Inflammatory response is a main feature of acute pancreatitis. It has been reported that the production of pro-inflammatory cytokines, including TNF-α, IL-1β and IL-6, is a vital player in the pathogenesis of acute pancreatitis [21,22]. Moreover, the expressions of TNF-α, IL-1β and IL-6 explain why local pancreatic damage evolves to subsequent systemic complications [22]. J Norman et al. held the opinion that IL-1β expression was a marker with 82% accuracy in predicting the severity of acute pancreatitis, which further pointed out the adverse effects of IL-1β in the pathogenesis of acute pancreatitis [23]. Moreover, TNF-α was verified to play a core role in the pathogenesis of inflammatory diseases, particularly in pancreatitis pathogenesis [24]. In the present study, the levels of TNF-α, IL-1β and IL-6 were significantly increased by cerulein induction compared to controls. Meanwhile, inflammation-associated Cox2 and iNOS protein expression was significantly increased after cerulein induction.

FXYD5 is a family of type I plasma membrane proteins [25]. A study reported that FXYD5 silence inhibited the release of inflammatory cytokines in lung injury [26]. Besides, it was noted that FXYD5 was significantly upregulated in pancreatic tissue of mice with acute pancreatitis, which indicated that FXYD5 directly participated in the occurrence of acute pancreatitis [27]. In this study, we found that FXYD5 was greatly increased in AP patients and AP cell model. Furthermore, the silence of FXYD5 promoted the growth of cerulein-induced AR42J cells. However, in the AP cell model, silencing FXYD5 inhibited expression of multiple inflammatory and related factors, including TNF-α, IL-6, IL-1β, Cox2 and iNOS.

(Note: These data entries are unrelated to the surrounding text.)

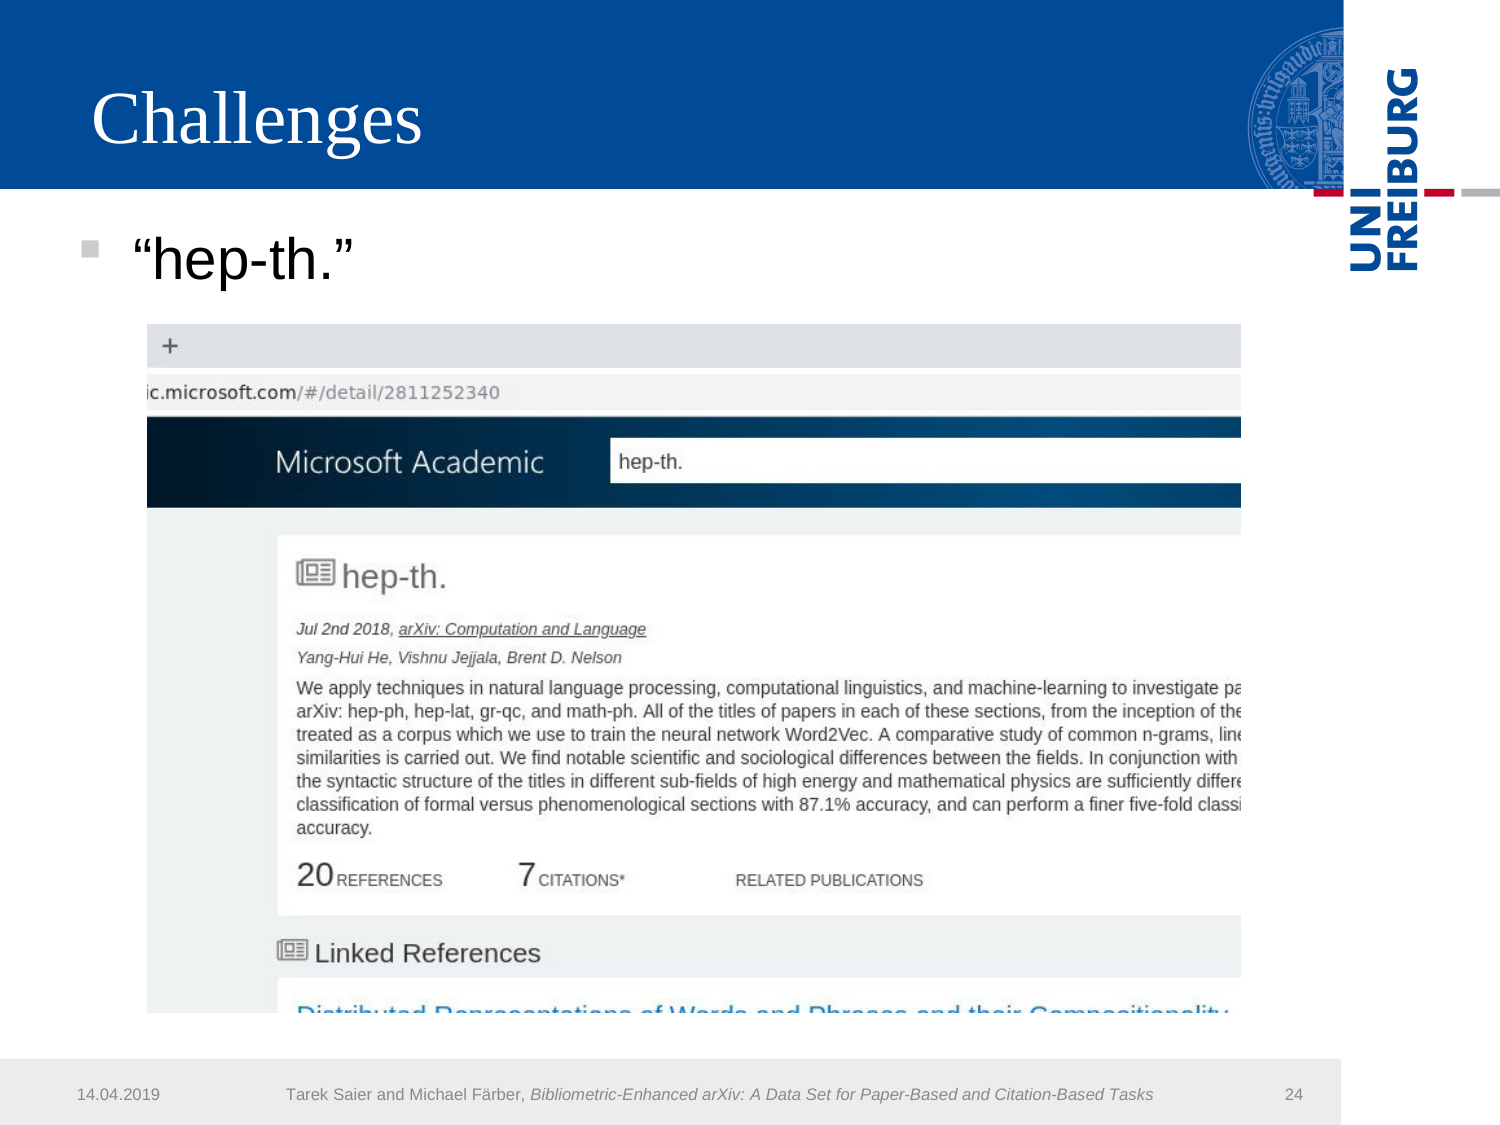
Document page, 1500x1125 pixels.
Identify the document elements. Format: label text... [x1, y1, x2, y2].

picture [0, 0, 1500, 271]
title Challenges [76, 49, 1235, 178]
list “hep-th.” [76, 221, 1341, 1009]
picture [147, 324, 1241, 1013]

The study suggested that JAK2/STAT3 signaling pathway was involved in many inflammatory processes [28]. For example, the inhibition of JAK2/STAT3 pathway could relieve the inflammation in human umbilical vein endothelial cells [14]. What is more, one previous study evidenced that JAK2/STAT3 signaling pathway played a central role in the advancement of acute pancreatitis [29]. In view of this, the role of JAK2/STAT3 signaling pathway in cerulein-induced acute pancreatitis was important to explore. According to GEPIA database, FXYD5 was positively correlated with JAK2/STAT3 signaling pathway, which was consistent with the results in the present study. In addition, activation of JAK2/STAT3 signaling by the inclusion of CLN revealed that the effects produced by silencing FXYD5 were reversed. These results suggest that silencing FXYD5 blocked the activation of JAK2/STAT3 signaling pathway and exhibited desirable effects on growth and inflammatory response in cerulein-induced AR42J cells via blocking JAK2/STAT3 signaling pathway.

Conclusion

To sum up, FXYD5 knockdown could promote the cell viability and reduce inflammatory response in cerulein-induced pancreatic acinar cells AR42J via inhibiting JAK2/STAT3 signaling pathway. In the future, studies will continue in different cellular and animal models, which hopefully can provide a new idea for the treatment of acute pancreatitis.